[Aim of the exercise]
Set down a faithful copy of every record below, with no images.

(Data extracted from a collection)
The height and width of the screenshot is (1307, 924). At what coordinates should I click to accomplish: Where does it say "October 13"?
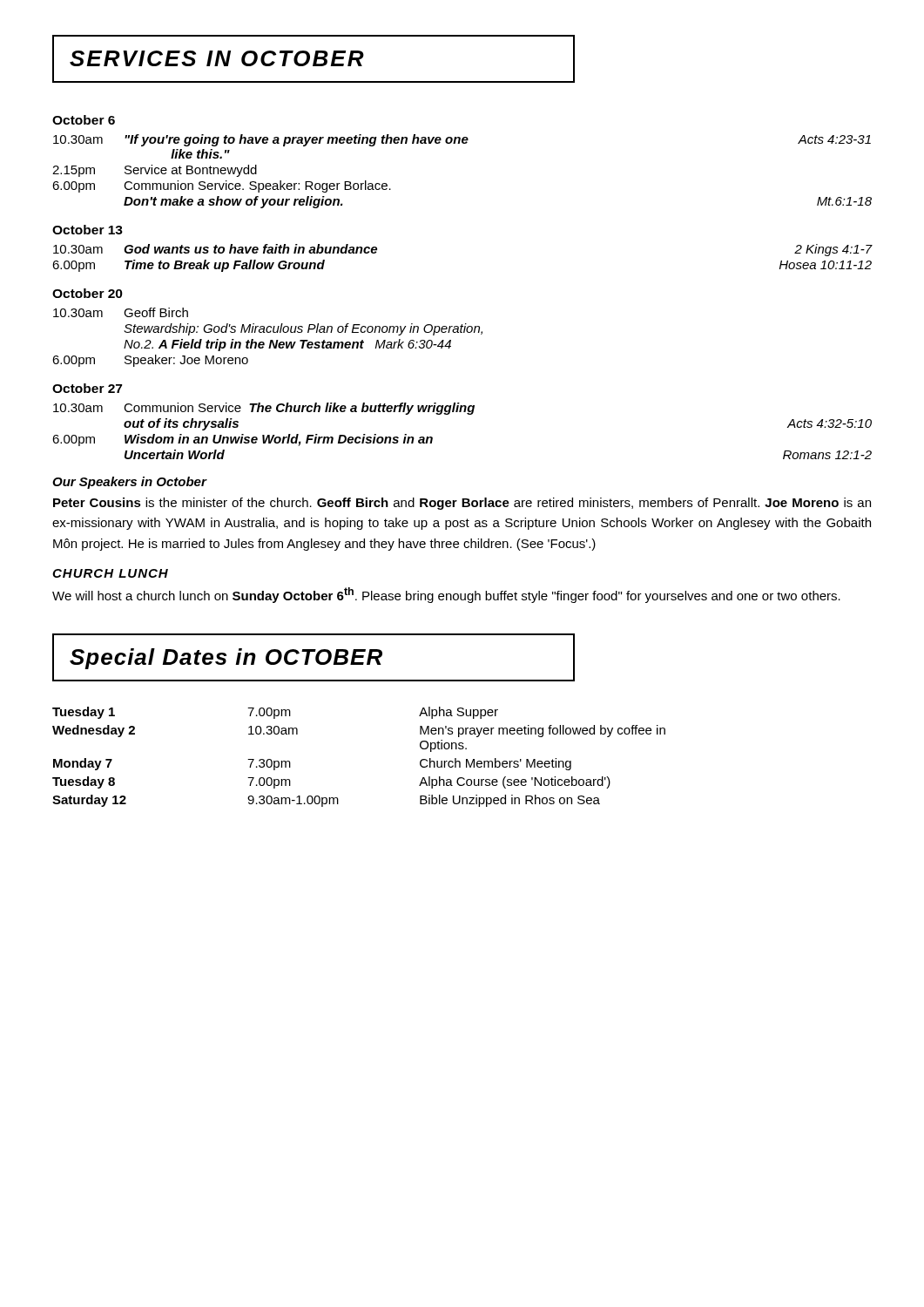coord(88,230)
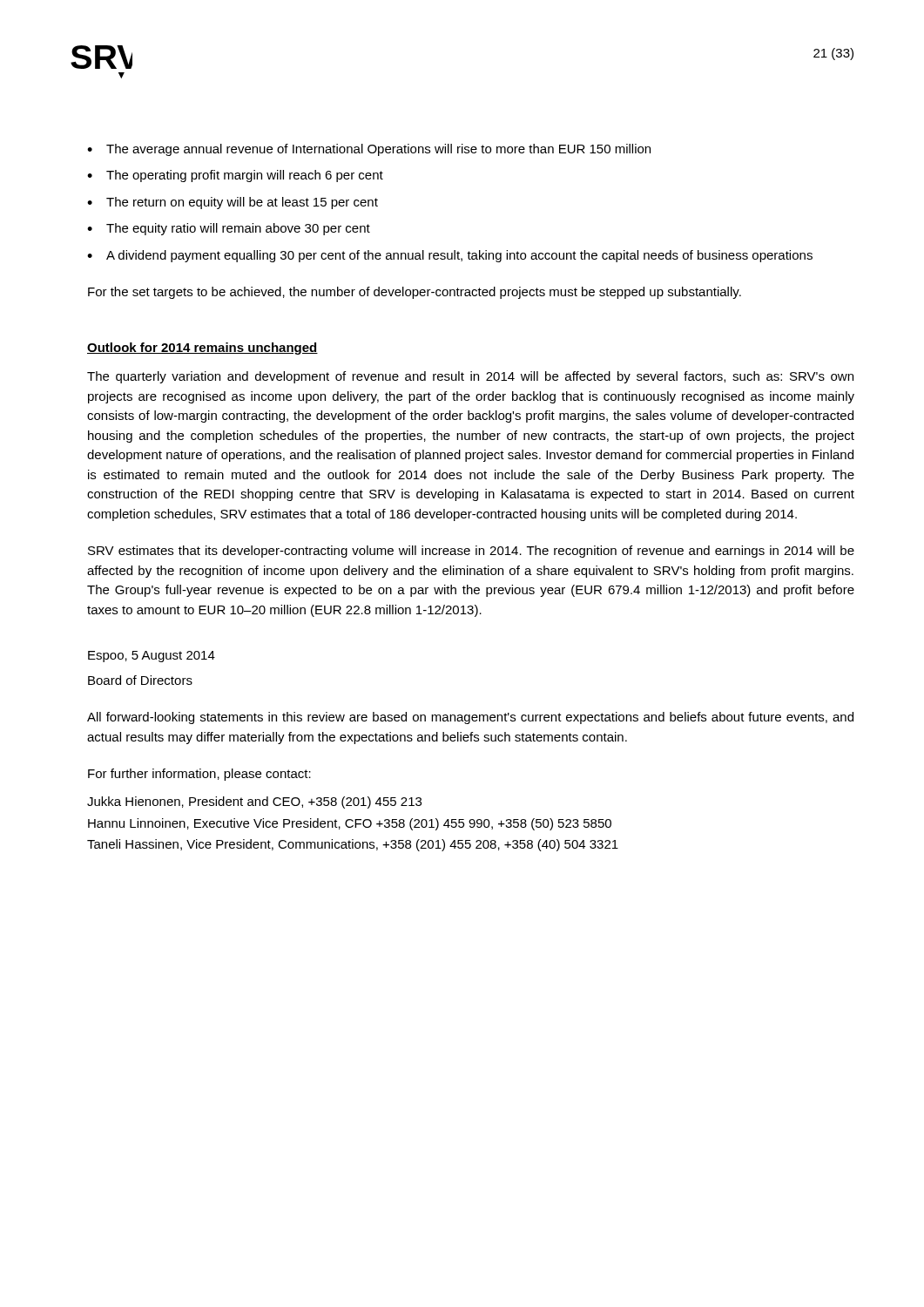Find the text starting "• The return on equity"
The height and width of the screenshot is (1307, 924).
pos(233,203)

[Answer to this exercise]
The height and width of the screenshot is (1307, 924). At what coordinates should I click to accomplish: Where does it say "October 13"?
coord(88,230)
Find the text starting "• The return on equity"
The height and width of the screenshot is (1307, 924).
pos(233,203)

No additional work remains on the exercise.